Taking Xiaomi as an example, the company has consistently focused on localizing production and has achieved significant success since its entry into the Indian market in 2014.
From 2015 to 2021, Xiaomi made substantial investments in India, establishing manufacturing facilities and enhancing the Indian supply chain. It has set up as many as seven production lines in India and employed over 20,000 Indian workers, effectively operating in a localized manner, according to media reports.
Liu said that India may feel that the conditions are ripe now, and may want to expand its own manufacturing industry on the basis of the existing ones by "means of extortion."
Xiaomi is not the only company that has been hit by Indian government's intensified moves. Other giants such as Amazon, Google, Samsung, OPPO, and vivo have also experienced market upheavals.
Multinational companies operating in India often face cumbersome procedures such as retrospective taxation and asset freezes. The Indian government also frequently conducts surprise inspections on these companies, citing reasons such as preventing tax evasion or penalizing non-compliance.
The magnitude of fines imposed during these inspections can be staggering.
Self-shooting gameUnder the increased pressure on foreign investments in India, there has been a notable shift in the investment trend of Chinese companies in India.

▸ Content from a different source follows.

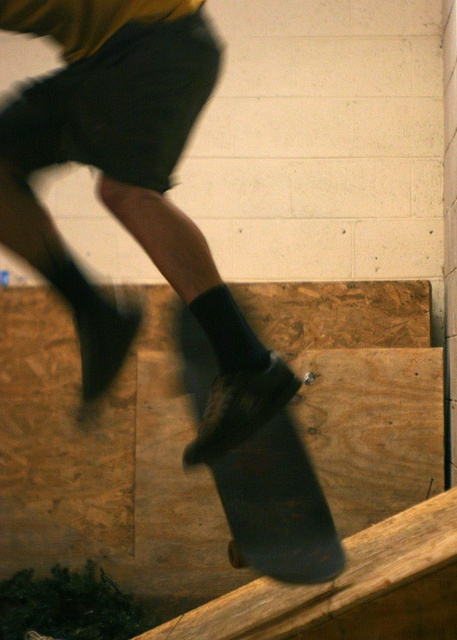Describe the objects in this image and their specific colors. I can see people in black, maroon, olive, and tan tones and skateboard in black and olive tones in this image. 
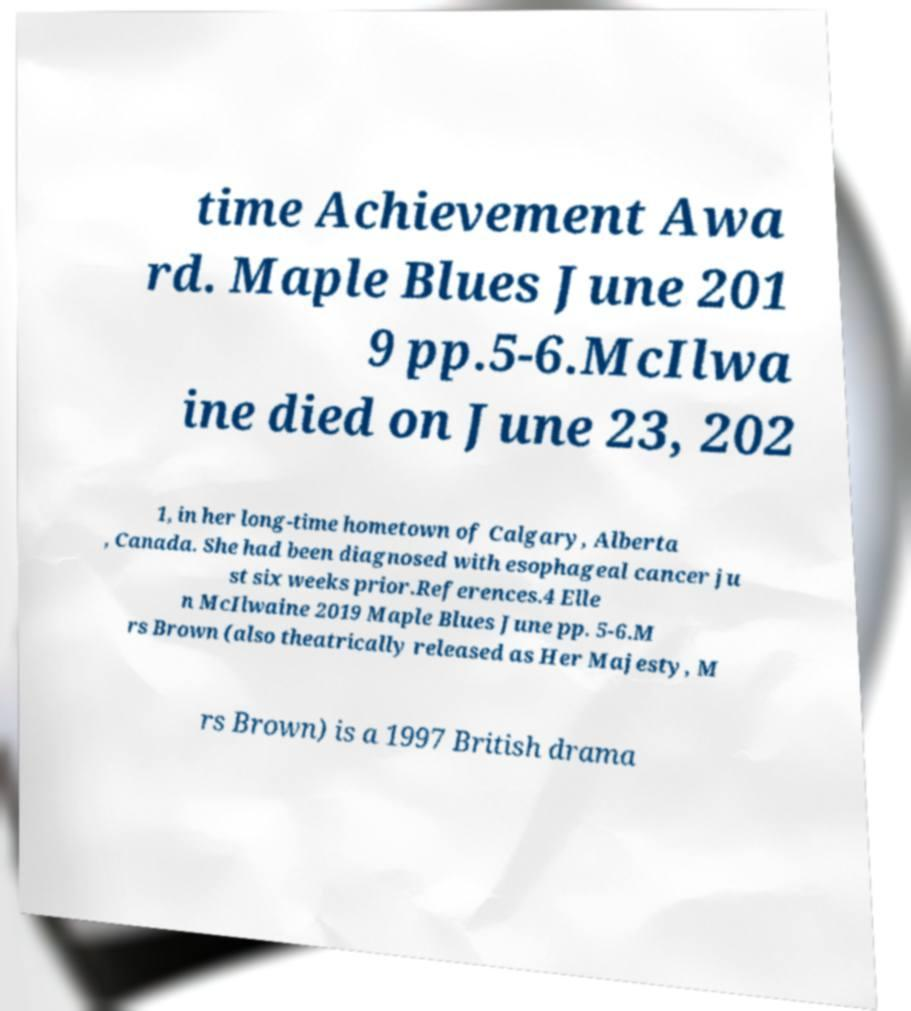Please identify and transcribe the text found in this image. time Achievement Awa rd. Maple Blues June 201 9 pp.5-6.McIlwa ine died on June 23, 202 1, in her long-time hometown of Calgary, Alberta , Canada. She had been diagnosed with esophageal cancer ju st six weeks prior.References.4 Elle n McIlwaine 2019 Maple Blues June pp. 5-6.M rs Brown (also theatrically released as Her Majesty, M rs Brown) is a 1997 British drama

In terms of overall figures, Chinese investment in India witnessed a sharp decline in 2020 and 2021, with a compounded annual growth rate decrease of 66 percent compared to previous years.
The targeted measures by Indian authorities against Chinese companies have not only affected Chinese investors but also potentially undermined the confidence of foreign investors in general, with many companies having chosen to exit the Indian market amid growing concerns about their future business prospects.

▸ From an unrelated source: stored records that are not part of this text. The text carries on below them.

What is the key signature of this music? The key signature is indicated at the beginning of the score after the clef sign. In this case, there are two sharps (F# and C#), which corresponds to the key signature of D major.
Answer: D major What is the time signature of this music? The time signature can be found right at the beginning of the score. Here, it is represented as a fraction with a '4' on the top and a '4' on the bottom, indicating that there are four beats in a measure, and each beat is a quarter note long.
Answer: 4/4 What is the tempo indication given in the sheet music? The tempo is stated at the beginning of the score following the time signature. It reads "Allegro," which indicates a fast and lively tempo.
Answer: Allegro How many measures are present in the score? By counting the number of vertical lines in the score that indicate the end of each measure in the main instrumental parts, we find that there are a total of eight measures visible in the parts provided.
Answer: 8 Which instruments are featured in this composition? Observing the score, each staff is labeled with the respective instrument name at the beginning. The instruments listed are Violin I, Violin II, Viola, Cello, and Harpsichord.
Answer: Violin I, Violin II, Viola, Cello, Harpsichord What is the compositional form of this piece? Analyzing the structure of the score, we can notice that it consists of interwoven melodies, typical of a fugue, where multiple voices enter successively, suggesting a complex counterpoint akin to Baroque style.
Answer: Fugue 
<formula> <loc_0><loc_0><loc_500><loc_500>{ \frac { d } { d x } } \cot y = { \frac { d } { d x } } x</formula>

Between 2017 and 2022, a total of 3,552 foreign companies and subsidiaries of foreign companies have been closed in India, data from the Indian government shows, as reported by the Business Standard.
Moreover, in the face of market uncertainties and other factors, the comprehensive market shares of Chinese smartphone manufacturers in India declined from a peak of over 81.42 percent to 70.83 percent in the first quarter of 2023, according to IDC data analyzed by DIGITIMES Asia.

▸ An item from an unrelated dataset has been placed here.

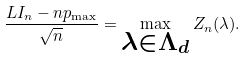Convert formula to latex. <formula><loc_0><loc_0><loc_500><loc_500>\frac { L I _ { n } - n p _ { \max } } { \sqrt { n } } = \max _ { \substack { \lambda \in \Lambda _ { d } } } Z _ { n } ( \lambda ) .</formula> 
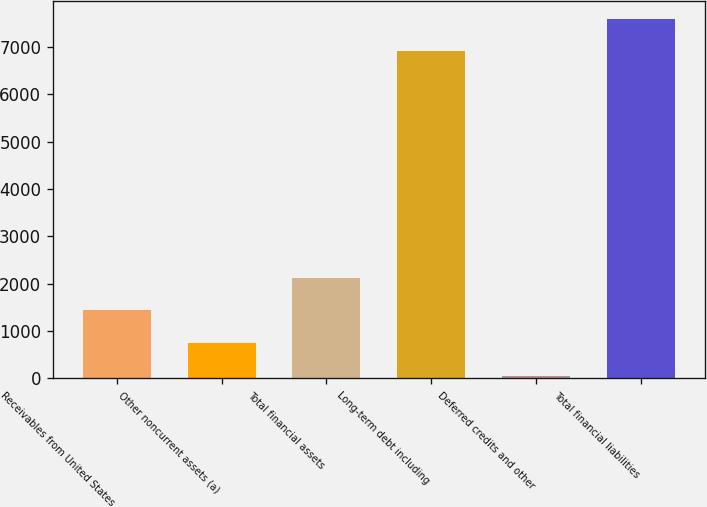Convert chart to OTSL. <chart><loc_0><loc_0><loc_500><loc_500><bar_chart><fcel>Receivables from United States<fcel>Other noncurrent assets (a)<fcel>Total financial assets<fcel>Long-term debt including<fcel>Deferred credits and other<fcel>Total financial liabilities<nl><fcel>1436.4<fcel>745.7<fcel>2127.1<fcel>6907<fcel>55<fcel>7597.7<nl></chart>

For companies that prioritize scale, abandoning the Indian market is a challenging decision, an Indian-based industry insider told the Global Times on condition of anonymity, adding that with a population of over 1.4 billion, India presents a vast pool of cheap labor behind the demographic dividend.
However, the development and success of businesses in India require a market that is governed by a legal framework, institutionalized practices, and regulatory bodies that maintain consistency, the industry insider said, noting "clearly, in recent years, India's approach and attitude toward foreign investment have not been entirely satisfactory."
While the Chinese smartphone market share has experienced a slight decline, Indian smartphone brands have not benefited from this shift. The combined market share of Indian brands, including Lava, Micromax, and Reliance, has been less than one percent, industry data shows.
Qian Feng, director of the research department at the National Strategy Institute at Tsinghua University, told the Global Times that India's frequent actions against Chinese companies are driven primarily by political motives, with the aim of projecting a strong stance on China-related issues.
"But as two neighboring and large nations, cooperation between China and India is mutually beneficial for both countries' enterprises, advantageous for the modernization of India's industrial chain, and could inject new momentum into the advancement of Indian manufacturing," Qian said, urging the Indian government not to let political factors cloud their judgment and not to disregard their own interests and the wellbeing of their people.